Überhaupt nicht komisch

■ „Himmelfahrt eines Staatsfeindes“: Der Abschluß von Friedrich Christian Delius' „Staatsfeinde“-Trilogie

Manche Bücher haben das Pech, daß bei ihrem Entstehen die weitere gesellschaftliche Entwicklung noch nicht abzusehen ist. Als F.C. Delius „Himmelfahrt eines Staatsfeindes“ schrieb, machte noch kein faschistoider Stammtischmob Jagd auf alles, was anders aussieht. Was hat aber die Geschichte der RAF mit dem neugesamtdeutschen Hang zum Pogrom zu tun? Alles und nichts.

Alles, wenn man berücksichtigt, daß viele der früheren RAF-Mitglieder aus dem antifaschistischen Spektrum Nachkriegswestdeutschlands kamen und die RAF, wenn auch auf anderem Hintergrund, immer eine Entwicklung der BRD zum rechtsautoritären Polizeistaat prophezeit hat. Nichts, wenn man den Zusammenbruch des Realsozialismus, die Vereinigung und die soziale Deklassierung ehemaliger Helden der Arbeit als völlig neuen geschichtlichen Zeitabschnitt betrachtet.

Eigentlich hat F.C. Delius nur aufgegriffen, was die Konfrontation der bewaffneten Avantgarde mit dem Rechtsstaat der expressdemokratisierten Väter hergab: groteske Verwerfungen, Überreaktion aus Prinzip und ideologische Verstiegenheit bis zum Wirklichkeitsverlust auf beiden Seiten. Gleichwohl, der westdeutsche Krieg der Söhne gegen die Väter kann kaum abgekoppelt von der gegenwärtigen Entwicklung betrachtet werden. Als vor über zwanzig Jahren die RAF mit der Frage antrat, ob die westdeutsche Gesellschaft mit den Mitteln des bewaffneten Kampfes zu beeinflussen und zu verändern sei, waren die meisten Kombattanten um die zwanzig Jahre alt. Diejenigen, die heute unter dem Applaus ihrer Eltern in den neuen Bundesländern mit Molotowcocktails Flüchtlingskinder verbrennen, sind oft jünger. Sie müssen im Gegensatz zu den RAFlern der ersten Generation den Eindruck haben, sich im Einklang mit der Stimmung unter den Erwachsenen Ost wie West zu befinden. Die Gegenwart ist grotesk, aber überhaupt nicht komisch.

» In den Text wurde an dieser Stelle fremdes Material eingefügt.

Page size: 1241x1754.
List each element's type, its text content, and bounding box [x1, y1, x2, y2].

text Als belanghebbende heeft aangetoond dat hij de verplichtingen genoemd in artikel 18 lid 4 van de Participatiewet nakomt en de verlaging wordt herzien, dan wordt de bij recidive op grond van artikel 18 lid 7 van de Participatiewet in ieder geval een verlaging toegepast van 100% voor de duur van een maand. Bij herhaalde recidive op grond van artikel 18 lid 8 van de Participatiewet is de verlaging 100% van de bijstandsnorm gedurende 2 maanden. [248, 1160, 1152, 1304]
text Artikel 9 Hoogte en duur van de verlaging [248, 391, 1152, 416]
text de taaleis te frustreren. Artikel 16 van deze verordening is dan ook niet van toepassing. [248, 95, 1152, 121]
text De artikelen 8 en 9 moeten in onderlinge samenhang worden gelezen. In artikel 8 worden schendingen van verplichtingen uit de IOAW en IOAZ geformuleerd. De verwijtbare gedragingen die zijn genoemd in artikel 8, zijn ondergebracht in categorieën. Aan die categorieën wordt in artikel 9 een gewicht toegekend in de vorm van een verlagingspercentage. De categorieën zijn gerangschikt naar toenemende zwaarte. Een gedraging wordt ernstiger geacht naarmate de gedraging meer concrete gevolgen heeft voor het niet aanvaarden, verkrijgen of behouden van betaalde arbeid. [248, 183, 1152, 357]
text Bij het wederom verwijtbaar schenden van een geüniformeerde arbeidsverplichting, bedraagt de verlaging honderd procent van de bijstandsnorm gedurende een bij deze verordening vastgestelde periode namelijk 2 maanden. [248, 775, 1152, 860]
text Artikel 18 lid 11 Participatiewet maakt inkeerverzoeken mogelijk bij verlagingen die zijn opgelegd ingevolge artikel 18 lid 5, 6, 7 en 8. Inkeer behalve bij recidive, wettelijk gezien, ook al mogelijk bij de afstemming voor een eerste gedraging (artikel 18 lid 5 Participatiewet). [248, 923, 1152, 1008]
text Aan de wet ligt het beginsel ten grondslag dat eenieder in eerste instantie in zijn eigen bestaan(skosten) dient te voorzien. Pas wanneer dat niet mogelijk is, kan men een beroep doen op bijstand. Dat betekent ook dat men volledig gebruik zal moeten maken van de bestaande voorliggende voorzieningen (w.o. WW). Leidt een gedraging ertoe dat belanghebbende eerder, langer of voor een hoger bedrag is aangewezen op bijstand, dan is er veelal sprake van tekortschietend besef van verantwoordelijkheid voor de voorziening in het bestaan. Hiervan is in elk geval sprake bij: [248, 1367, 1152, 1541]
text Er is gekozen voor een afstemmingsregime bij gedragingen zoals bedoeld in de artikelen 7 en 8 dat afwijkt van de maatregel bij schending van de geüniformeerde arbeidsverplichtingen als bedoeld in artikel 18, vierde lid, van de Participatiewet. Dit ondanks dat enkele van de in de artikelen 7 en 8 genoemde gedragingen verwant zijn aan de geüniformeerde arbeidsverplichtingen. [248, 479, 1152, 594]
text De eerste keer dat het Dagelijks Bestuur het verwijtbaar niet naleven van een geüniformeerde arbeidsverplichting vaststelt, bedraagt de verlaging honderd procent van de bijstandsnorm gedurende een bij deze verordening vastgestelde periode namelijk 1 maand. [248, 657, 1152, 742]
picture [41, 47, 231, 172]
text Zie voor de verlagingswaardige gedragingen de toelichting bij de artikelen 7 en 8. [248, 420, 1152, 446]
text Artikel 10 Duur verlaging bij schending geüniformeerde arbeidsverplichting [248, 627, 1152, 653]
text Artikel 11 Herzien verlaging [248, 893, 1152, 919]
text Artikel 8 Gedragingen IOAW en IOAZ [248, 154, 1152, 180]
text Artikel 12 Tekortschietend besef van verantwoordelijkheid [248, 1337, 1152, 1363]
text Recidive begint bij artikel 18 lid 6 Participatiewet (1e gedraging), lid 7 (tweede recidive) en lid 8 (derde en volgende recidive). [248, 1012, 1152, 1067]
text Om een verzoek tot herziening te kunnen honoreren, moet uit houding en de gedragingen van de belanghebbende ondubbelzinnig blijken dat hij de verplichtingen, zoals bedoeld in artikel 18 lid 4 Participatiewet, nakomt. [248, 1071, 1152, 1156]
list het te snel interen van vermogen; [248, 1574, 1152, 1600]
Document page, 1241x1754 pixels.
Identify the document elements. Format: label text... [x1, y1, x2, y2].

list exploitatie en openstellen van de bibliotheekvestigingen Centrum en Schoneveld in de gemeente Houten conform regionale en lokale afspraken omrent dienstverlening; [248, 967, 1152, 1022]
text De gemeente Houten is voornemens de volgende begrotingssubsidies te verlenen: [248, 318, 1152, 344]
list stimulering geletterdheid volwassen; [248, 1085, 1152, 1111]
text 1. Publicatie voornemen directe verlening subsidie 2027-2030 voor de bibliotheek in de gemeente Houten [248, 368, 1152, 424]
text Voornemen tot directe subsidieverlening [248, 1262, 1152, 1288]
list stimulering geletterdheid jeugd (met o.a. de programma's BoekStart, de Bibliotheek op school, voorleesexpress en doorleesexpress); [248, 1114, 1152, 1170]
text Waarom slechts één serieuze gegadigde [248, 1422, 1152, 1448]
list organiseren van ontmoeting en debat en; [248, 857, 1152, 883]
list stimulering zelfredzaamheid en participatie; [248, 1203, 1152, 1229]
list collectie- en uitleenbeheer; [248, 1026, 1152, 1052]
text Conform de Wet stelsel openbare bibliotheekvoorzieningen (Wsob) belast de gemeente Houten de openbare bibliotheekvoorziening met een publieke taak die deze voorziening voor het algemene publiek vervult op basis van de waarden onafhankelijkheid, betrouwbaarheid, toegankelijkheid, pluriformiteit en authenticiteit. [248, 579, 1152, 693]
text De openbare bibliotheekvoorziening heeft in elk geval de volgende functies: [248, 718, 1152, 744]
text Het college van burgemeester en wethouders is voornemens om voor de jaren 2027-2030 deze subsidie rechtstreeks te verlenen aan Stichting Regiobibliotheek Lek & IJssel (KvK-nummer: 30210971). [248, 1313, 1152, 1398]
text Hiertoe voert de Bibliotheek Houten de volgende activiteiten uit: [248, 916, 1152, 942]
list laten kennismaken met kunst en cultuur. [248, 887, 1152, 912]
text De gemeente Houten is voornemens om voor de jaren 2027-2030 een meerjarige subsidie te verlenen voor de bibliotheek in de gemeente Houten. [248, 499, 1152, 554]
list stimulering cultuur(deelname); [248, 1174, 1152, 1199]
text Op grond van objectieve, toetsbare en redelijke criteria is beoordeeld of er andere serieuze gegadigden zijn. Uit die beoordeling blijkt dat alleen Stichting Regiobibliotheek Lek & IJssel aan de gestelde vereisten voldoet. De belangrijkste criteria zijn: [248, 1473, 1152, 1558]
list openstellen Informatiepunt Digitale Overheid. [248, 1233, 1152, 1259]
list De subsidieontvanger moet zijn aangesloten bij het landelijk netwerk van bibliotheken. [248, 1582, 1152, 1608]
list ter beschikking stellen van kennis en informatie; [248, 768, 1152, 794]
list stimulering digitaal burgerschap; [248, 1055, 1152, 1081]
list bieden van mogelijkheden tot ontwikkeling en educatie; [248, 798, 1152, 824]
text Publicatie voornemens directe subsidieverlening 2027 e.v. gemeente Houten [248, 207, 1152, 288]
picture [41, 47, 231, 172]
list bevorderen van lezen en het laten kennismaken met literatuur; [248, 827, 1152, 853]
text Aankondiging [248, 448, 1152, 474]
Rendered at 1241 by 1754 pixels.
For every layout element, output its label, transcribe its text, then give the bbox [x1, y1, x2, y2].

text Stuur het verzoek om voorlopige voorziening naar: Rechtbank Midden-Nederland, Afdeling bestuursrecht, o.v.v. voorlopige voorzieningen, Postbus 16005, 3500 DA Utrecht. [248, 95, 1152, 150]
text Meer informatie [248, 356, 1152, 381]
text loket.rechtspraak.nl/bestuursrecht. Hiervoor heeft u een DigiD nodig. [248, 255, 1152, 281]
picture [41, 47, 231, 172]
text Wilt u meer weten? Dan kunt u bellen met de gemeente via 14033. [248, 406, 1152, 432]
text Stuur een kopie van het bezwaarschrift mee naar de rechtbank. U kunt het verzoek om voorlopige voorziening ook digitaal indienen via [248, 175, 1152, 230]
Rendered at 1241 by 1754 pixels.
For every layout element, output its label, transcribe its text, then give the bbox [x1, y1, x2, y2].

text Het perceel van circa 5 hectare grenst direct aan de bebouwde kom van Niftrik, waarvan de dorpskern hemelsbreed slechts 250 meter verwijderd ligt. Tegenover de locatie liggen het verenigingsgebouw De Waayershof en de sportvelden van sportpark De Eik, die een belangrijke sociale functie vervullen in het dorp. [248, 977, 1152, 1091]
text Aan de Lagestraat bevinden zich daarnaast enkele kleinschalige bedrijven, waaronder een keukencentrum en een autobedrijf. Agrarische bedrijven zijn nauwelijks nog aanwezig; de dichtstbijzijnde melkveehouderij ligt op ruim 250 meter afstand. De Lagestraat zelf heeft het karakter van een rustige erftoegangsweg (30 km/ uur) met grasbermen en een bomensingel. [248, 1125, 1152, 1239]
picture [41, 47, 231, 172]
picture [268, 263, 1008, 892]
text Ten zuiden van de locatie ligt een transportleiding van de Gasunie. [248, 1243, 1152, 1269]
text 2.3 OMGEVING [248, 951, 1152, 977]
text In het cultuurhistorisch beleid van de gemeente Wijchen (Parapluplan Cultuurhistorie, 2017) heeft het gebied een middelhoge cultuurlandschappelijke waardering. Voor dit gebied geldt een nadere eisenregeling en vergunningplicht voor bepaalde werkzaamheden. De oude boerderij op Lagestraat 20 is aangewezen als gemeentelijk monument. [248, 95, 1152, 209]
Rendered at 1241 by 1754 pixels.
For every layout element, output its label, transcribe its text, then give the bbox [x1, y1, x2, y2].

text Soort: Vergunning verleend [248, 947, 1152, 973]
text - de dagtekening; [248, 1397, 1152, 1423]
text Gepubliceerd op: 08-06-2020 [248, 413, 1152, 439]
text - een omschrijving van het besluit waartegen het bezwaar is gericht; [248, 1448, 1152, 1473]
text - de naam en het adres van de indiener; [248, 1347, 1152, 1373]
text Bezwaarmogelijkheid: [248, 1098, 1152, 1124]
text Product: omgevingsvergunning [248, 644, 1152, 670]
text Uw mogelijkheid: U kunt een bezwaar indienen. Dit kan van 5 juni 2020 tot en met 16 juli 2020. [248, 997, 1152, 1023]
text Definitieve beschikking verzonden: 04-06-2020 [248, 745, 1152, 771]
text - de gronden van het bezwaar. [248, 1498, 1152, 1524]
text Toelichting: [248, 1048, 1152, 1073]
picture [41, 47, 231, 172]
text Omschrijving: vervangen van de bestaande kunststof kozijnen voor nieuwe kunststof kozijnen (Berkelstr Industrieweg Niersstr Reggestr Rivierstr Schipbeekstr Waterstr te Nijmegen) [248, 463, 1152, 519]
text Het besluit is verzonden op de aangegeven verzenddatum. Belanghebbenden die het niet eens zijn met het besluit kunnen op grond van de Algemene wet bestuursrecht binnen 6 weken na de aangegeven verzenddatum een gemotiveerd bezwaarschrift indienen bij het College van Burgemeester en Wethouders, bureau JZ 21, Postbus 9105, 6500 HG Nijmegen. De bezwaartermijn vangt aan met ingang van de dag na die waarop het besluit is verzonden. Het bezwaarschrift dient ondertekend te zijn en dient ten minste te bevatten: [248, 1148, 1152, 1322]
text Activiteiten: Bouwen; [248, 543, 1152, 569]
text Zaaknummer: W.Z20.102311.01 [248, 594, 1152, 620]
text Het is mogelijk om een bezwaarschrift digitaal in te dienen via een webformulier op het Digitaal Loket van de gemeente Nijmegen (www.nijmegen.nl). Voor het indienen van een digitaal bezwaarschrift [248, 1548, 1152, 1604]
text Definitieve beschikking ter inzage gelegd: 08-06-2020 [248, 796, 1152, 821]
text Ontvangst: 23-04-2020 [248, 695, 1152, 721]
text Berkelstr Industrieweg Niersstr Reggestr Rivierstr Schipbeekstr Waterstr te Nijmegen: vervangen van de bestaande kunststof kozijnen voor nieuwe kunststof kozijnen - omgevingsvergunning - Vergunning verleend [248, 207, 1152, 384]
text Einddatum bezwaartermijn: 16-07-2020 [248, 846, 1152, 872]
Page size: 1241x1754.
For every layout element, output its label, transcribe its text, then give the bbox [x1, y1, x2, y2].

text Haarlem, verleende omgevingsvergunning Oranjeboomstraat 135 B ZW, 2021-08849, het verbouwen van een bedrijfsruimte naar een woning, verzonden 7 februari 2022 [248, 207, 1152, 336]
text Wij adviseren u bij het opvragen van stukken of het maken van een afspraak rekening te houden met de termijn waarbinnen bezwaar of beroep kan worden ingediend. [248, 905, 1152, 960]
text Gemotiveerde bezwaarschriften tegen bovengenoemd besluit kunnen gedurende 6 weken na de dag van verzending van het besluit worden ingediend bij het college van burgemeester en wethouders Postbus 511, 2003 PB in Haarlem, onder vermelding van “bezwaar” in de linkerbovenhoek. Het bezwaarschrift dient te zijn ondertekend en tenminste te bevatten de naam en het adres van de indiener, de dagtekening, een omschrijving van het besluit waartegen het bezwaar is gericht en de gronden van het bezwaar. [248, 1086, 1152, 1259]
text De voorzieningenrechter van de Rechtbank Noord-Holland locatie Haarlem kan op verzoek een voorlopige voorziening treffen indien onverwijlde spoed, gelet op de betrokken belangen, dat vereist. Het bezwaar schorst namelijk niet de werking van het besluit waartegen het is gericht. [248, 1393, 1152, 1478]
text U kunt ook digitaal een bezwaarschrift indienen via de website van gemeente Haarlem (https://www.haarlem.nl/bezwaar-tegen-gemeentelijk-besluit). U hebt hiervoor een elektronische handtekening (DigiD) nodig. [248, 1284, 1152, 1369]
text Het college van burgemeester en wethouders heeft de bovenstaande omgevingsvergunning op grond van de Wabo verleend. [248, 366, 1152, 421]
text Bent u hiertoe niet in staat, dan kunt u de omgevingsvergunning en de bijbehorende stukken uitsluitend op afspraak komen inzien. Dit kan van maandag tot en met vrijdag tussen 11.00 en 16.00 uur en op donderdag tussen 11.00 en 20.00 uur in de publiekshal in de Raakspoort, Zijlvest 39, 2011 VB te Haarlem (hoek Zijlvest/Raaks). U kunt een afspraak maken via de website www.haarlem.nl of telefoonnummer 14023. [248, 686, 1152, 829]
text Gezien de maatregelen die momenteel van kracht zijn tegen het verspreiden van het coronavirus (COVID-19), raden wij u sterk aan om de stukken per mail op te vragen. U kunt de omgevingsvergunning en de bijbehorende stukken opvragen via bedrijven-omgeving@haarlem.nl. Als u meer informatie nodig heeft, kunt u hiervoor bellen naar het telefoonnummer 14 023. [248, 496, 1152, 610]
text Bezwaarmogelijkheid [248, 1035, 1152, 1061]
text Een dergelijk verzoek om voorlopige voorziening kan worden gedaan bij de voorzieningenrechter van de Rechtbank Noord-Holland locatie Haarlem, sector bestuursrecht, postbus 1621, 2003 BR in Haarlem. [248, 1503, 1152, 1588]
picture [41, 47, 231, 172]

Was F.C. Delius mit teils feingesponnenen assoziativen Gedankenbildern, teils federspitzen Analysen der Ex-BRD-Befindlichkeit entworfen hat, ist allemal lesenswert. Trotzdem steht zu vermuten, daß es einigen Lesern nicht gelingen wird, diese Form der Polemik anzunehmen. Die Gegenwart, die Gefahr eines gewaltigen wie gewalttätigen Rechtsrucks, degradiert zur Zeit manches aus der Vergangenheit zur Fußnote. So könnte „Himmelfahrt eines Staatsfeindes“ das Pech haben, ein im Ansatz bemerkenswertes Buch zu sein, das zur Unzeit erscheint. Peter-Jürgen Boock

Friedrich Christian Delius: „Himmelfahrt eines Staatsfeindes“. Roman. Rowohlt Verlag 1992, 363 Seiten, 39,80 DM.